Laura Collett  (born 31 August 1989) is a British equestrian who competes in eventing.

Early life and career
Collett won the supreme pony title at Horse of the Year Show in 2003 when she was 13. She won nine medals during her youth career, including three individual golds, in the juniors in 2006 on Fernhill Sox, in the juniors in 2007 on Rayef, and the young riders in 2009 again on Rayef.

Career
Laura has been selected for three European Eventing Championships as an individual. She was eliminated on the cross-country on her senior championship debut at Luhmühlen in 2011, but finished 13th at the 2015 championships at Blair Castle on Grand Manoeuvre. Collett was second at Luhmühlen five-star in 2018 on Mr Bass, but she achieved her first five-star win in October 2020 when she took the title at the Pau Horse Trials, France, riding her own, Keith Scott and Karen Bartlett's horse London 52 and therefore has the honour of winning the only five-star of 2020 because the eventing calendar that year had been decimated by Covid-19.
The horse had previously been the 2018 eight- and nine-year-old champion at Blenheim Horse Trials, as well as winning the Event Rider Masters at Chatsworth Horse Trials
and the CCI4*-L at the Boekelo Horse Trials, both in 2019. But he had also fallen at the 2019 European Eventing Championships in Luhmühlen having sat third after the dressage.

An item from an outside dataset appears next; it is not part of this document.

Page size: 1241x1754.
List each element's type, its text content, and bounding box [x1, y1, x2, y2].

In 2021, eight years after her near fatal accident, Laura and London 52 were selected to represent Britain at the 2020 Summer Olympics in Tokyo that been delayed by the Covid-19 pandemic . She won gold in the team event with Oliver Townend and Tom McEwen.

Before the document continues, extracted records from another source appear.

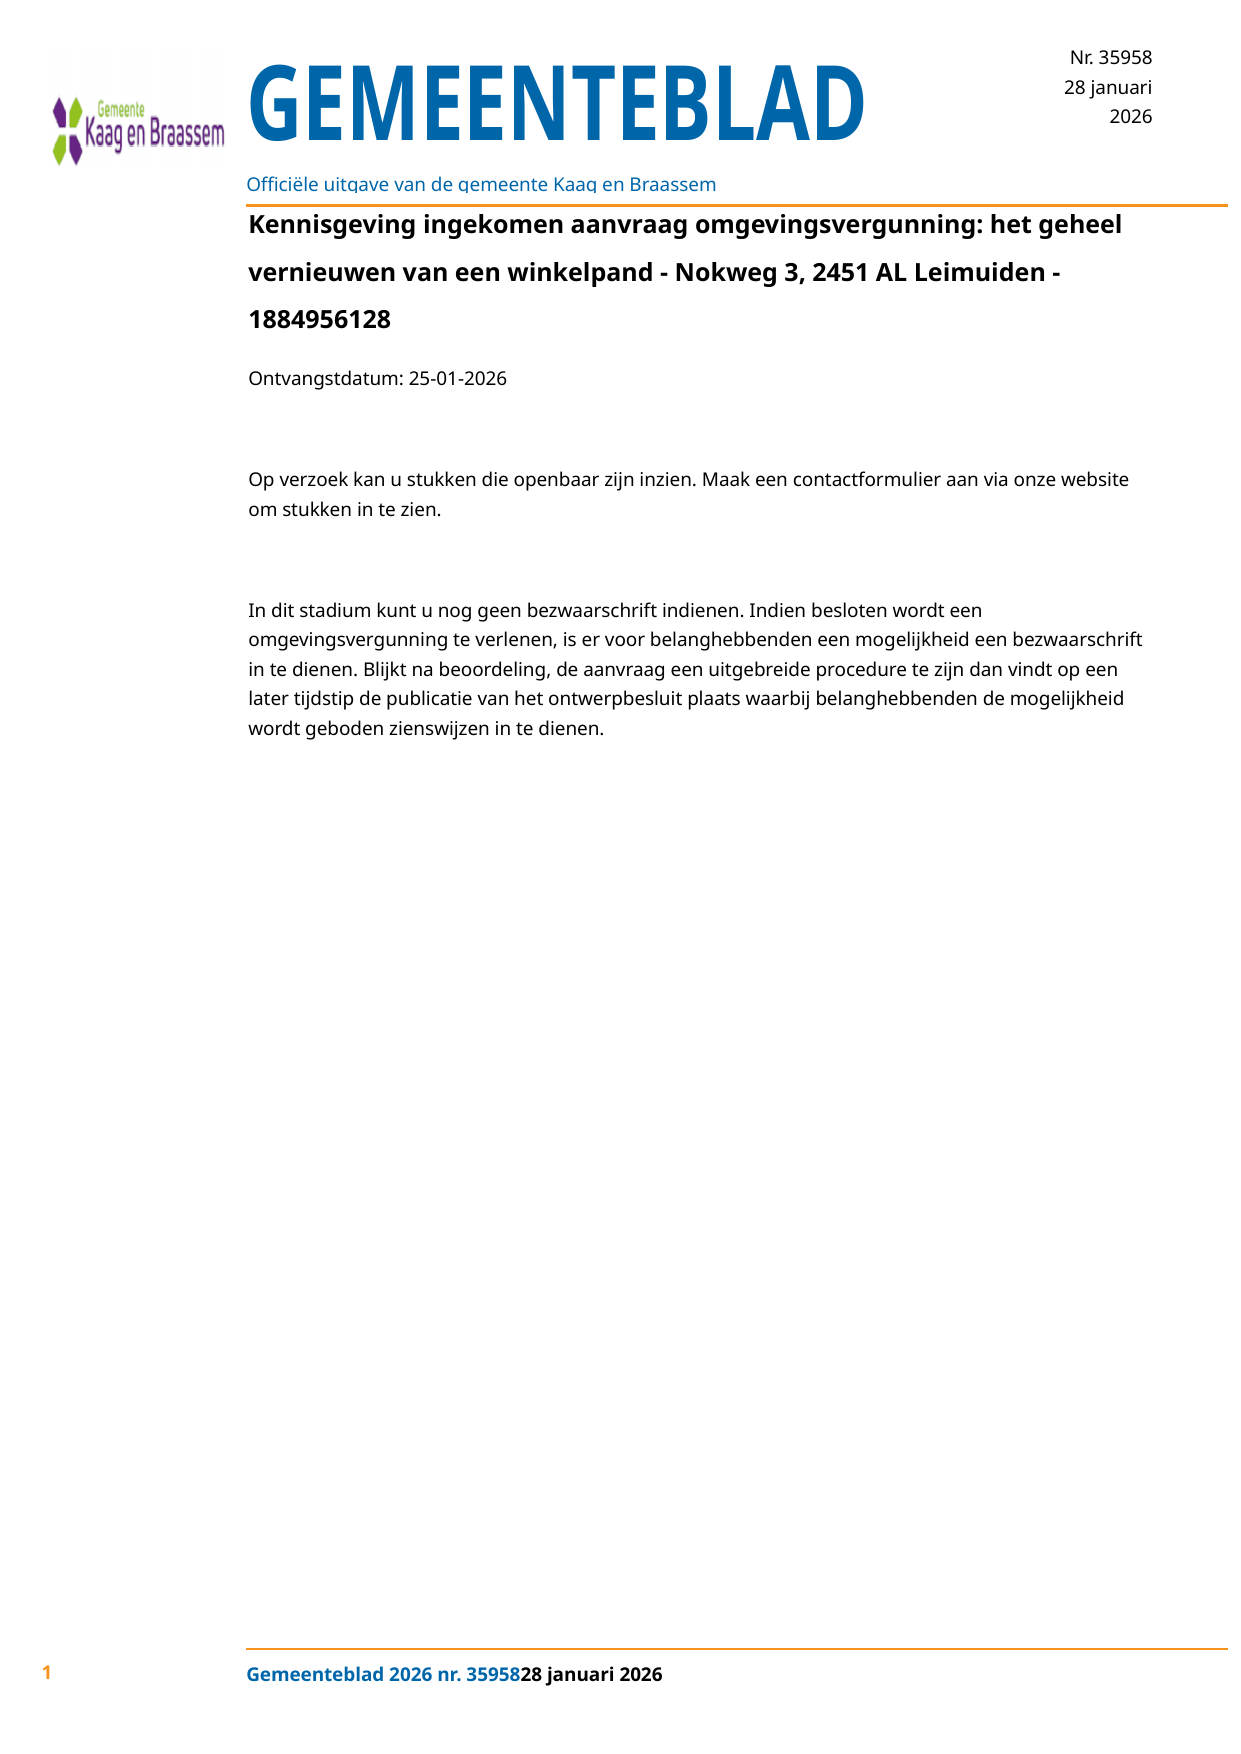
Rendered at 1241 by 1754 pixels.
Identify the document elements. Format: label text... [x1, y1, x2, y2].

text Kennisgeving ingekomen aanvraag omgevingsvergunning: het geheel vernieuwen van een winkelpand - Nokweg 3, 2451 AL Leimuiden - 1884956128 [248, 207, 1152, 336]
picture [41, 47, 231, 172]
text Ontvangstdatum: 25-01-2026 [248, 366, 1152, 391]
text Op verzoek kan u stukken die openbaar zijn inzien. Maak een contactformulier aan via onze website om stukken in te zien. [248, 466, 1152, 522]
text In dit stadium kunt u nog geen bezwaarschrift indienen. Indien besloten wordt een omgevingsvergunning te verlenen, is er voor belanghebbenden een mogelijkheid een bezwaarschrift in te dienen. Blijkt na beoordeling, de aanvraag een uitgebreide procedure te zijn dan vindt op een later tijdstip de publicatie van het ontwerpbesluit plaats waarbij belanghebbenden de mogelijkheid wordt geboden zienswijzen in te dienen. [248, 597, 1152, 741]

Collett was appointed Member of the Order of the British Empire (MBE) in the 2022 New Year Honours for services to equestrianism.

In 2022, Collett won the Badminton  Horse Trials. Riding London 52, she led from start to finish, setting an all time Badminton record finishing score of 21.4.

Personal life
Following a heavy fall from her horse in 2013, Collett had to be resuscitated five times and given an emergency tracheotomy by paramedics after suffering a fractured shoulder, broken ribs, a punctured lung, a lacerated liver and damage to her kidneys. Also, a fragment of her shoulder bone had detached and travelled to her right eye through her blood stream and damaged the optic nerve. She was placed in an induced coma for six days.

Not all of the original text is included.